雅人が厚木に来て、まもなく2年。だが、ここは安住の地ではない。これは幹部自衛官の運命である。そろそろ来るんじゃねぇかと思っていた矢先の事であった。来た。転勤の辞令であった。
ちなみに平均すると、大卒の幹部候補生として入隊した所謂B幹は、定年までの33年間の間に約20回転勤するというデータもある。防大卒のA幹はもっと多い事になるが、これ等は全て人事権のある海上幕僚監部が決めており、部隊からの報告に基づいて適正かつ公正に決められている。
逆に高校卒の任期制隊員は、順当に勤めあげても転勤の数はB幹の半分の約10回。階級が低いからとは言え、転勤が全く無いと言う事は無いようだ。自衛隊と言う特殊な環境下にあって転勤は仕方の無い事になる。
雅人を待つ一人の人物がいた。海上自衛隊厚木航空基地司令官の堀村時二海将、その人であった。
「辞令は見たな?」
「はい。」
「突然だが、君には岩国に行ってもらいたい。何やらまた中国が怪しい動きを見せてるらしい。そこで、海上自衛隊として特殊飛行隊を創設する運びとなった。君にはそこで、中級幹部として部隊を率いて欲しい。」
「はい。分かりました。自分としても本望であります。」
「岩国基地航空隊司令官の武村均海将には、私から話をつけておいた。明日にでも岩国へ向かうように。」
「了解致しました。」
雅人は喜んでいた。一度は諦めかけていた戦闘系部隊への、配属が決まったからだ。たとえ戦闘機には乗れなくても、その支援が出来る?と勘違いしていた雅人のテンションはMAXであった。

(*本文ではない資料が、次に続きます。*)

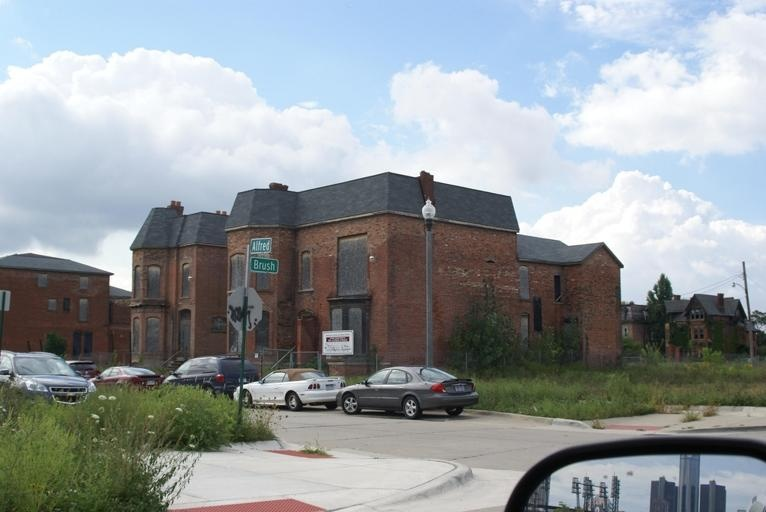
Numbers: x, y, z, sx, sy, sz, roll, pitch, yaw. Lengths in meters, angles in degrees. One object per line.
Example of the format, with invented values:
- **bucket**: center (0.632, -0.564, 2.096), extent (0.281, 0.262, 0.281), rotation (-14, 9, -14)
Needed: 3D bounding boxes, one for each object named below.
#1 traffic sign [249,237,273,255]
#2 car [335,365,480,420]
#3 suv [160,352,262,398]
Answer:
- **traffic sign**: center (-4.518, -0.389, 29.960), extent (0.190, 0.869, 1.343), rotation (4, -4, -29)
- **car**: center (0.756, 4.476, 26.566), extent (4.141, 1.633, 1.222), rotation (-8, -12, 35)
- **suv**: center (-5.875, 4.785, 30.035), extent (3.978, 1.851, 2.203), rotation (-2, -6, 40)
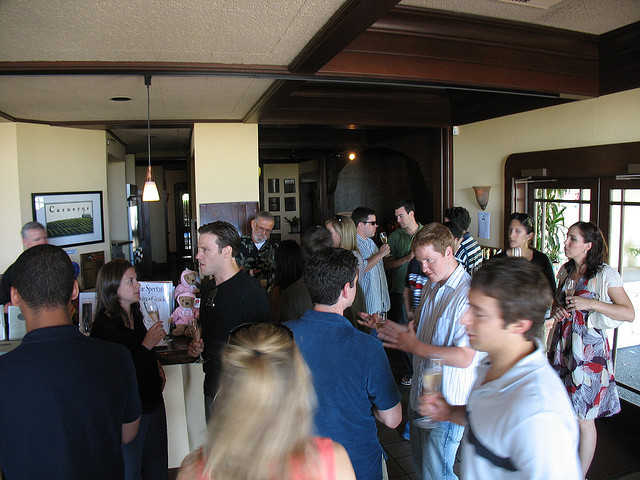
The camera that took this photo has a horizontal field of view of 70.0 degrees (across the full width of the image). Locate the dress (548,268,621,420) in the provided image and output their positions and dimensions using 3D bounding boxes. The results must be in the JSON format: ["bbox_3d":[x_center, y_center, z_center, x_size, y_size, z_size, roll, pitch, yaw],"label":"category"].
[{"bbox_3d":[1.930,0.882,3.316,0.444,0.807,0.370,-1,5,23],"label":"dress"}]

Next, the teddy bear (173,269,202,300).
[{"bbox_3d":[-1.039,0.362,3.549,0.200,0.270,0.172,0,-9,-29],"label":"teddy bear"}]

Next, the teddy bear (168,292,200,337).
[{"bbox_3d":[-1.031,0.566,3.439,0.280,0.363,0.230,-1,11,-13],"label":"teddy bear"}]

その勘違いは別としても、特別飛行隊には全国の航空基地の精鋭パイロットが集まってくるのは、事実である。特殊飛行隊には全国のスターパイロットが召集されるのは分かったが、その狙いまでは明確にされてはいなかった。そんな事とはつゆ知らず雅人は喜んで岩国へと足を運んだ。その足取りは軽やかであった。